I am partial to the rich black and reds, all blacks, bi-colors and the real dark dark sables. But really I love all their personalities :wub:


----------



## DnP (Jul 10, 2008)

I love all colors, but I'm partial to the light sables.


----------



## ShepherdHeaven (Feb 12, 2010)

I really like dark sables that would be my favorite. I am not big on the light colors.


----------



## Doc (Jan 13, 2009)

I love washed out, faded colors and particularly silver/black or cream/black. Blues aren't bad, particularly as they age.


----------



## atravis (Sep 24, 2008)

Before Mulder, I would easily say the ultra dark, black sables.
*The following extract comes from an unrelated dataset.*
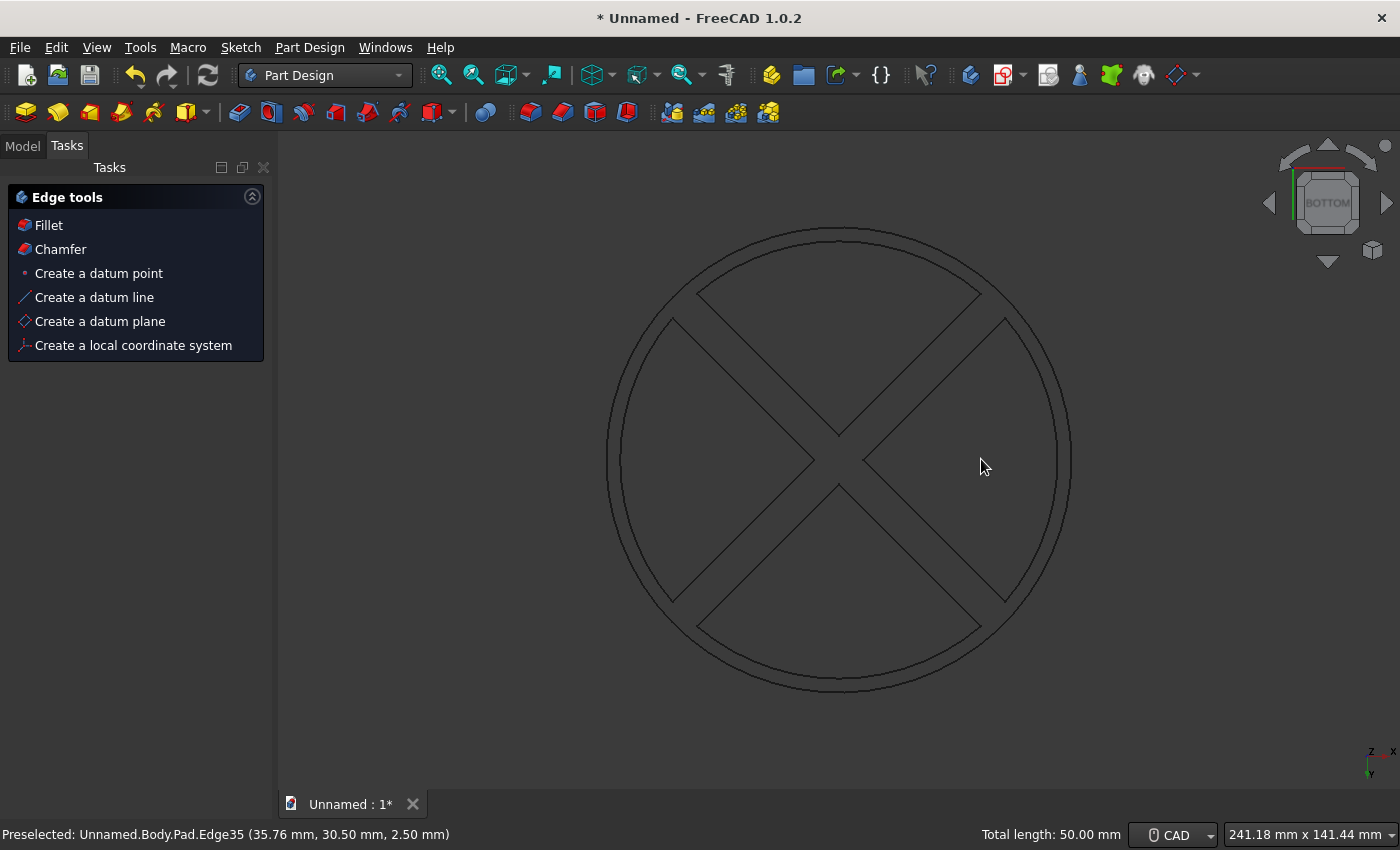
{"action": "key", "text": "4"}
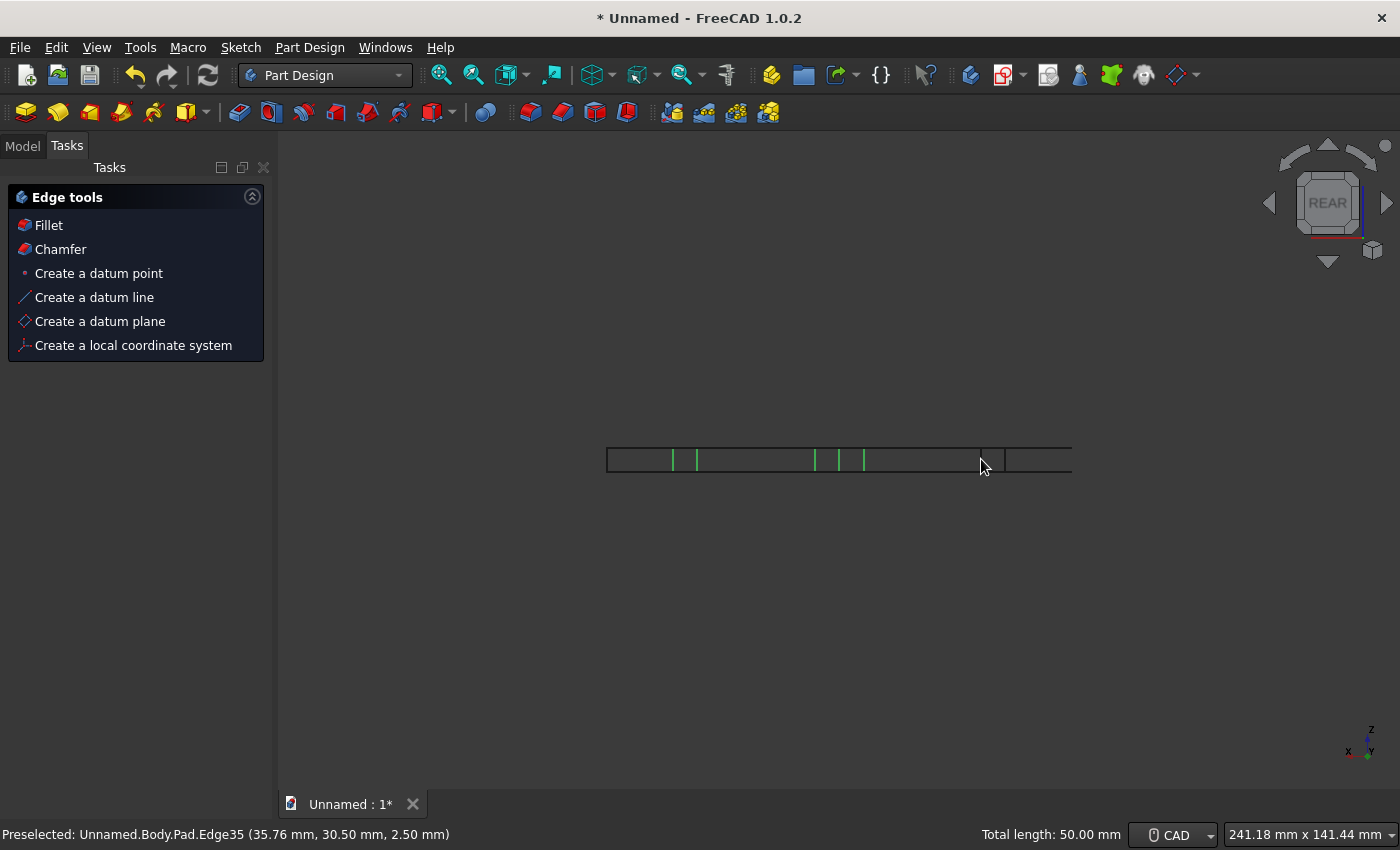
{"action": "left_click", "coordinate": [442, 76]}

But now that I've been around it, I'm actually starting to favor the solid black.


----------



## JKlatsky (Apr 21, 2007)

If we go on straight color preference. I like a nice dark mask with a good head (throw back to the Mastiffs we used to have??). I prefer a darker sable, blanket or bi, or black dog. A regular saddle is probably my least favorite, but I've still seen some good looking ones. 

Although I have to say, personality is way more important. Cade is the lightest of my dogs and probably one of the more expressive and the cutest of the bunch. (Shh!! Don't tell Argos)


----------



## Ellie (Jun 26, 2009)

I like the classic black and tan look


----------



## mjbgsd (Jun 29, 2004)

My favorite coat colors are blk/tan, then blk/reds, black sables, and lastly bi-color. 
The only reason I would never own an all black shepherd is because, and this is a stupid reason I know lol, they don't change colors as they age. lol


----------



## Jessiewessie99 (Mar 6, 2009)

Black & Tan, Black & Red, Sable, All Black, and White.lol


----------



## bianca (Mar 28, 2010)

I love dark sables and black and tan.


----------



## eyezik (Apr 22, 2010)

arycrest said:


> I can't recall seeing a GSD that was a majority tan but probaby have seen one and just don't remember it. And I can't recall ever seeing one that was a majority white mixed with another color so I won't rate them in my list either.


My boy is almost all tan with some white and a tiny bit of black. That being said, he is my favorite color just cause I love him so much


----------



## LaRen616 (Mar 4, 2010)

eyezik said:


> My boy is almost all tan with some white and a tiny bit of black. That being said, he is my favorite color just cause I love him so much


And he is very handsome and unique!


----------



## eyezik (Apr 22, 2010)

LaRen616 said:


> And he is very handsome and unique!


Thank you!


----------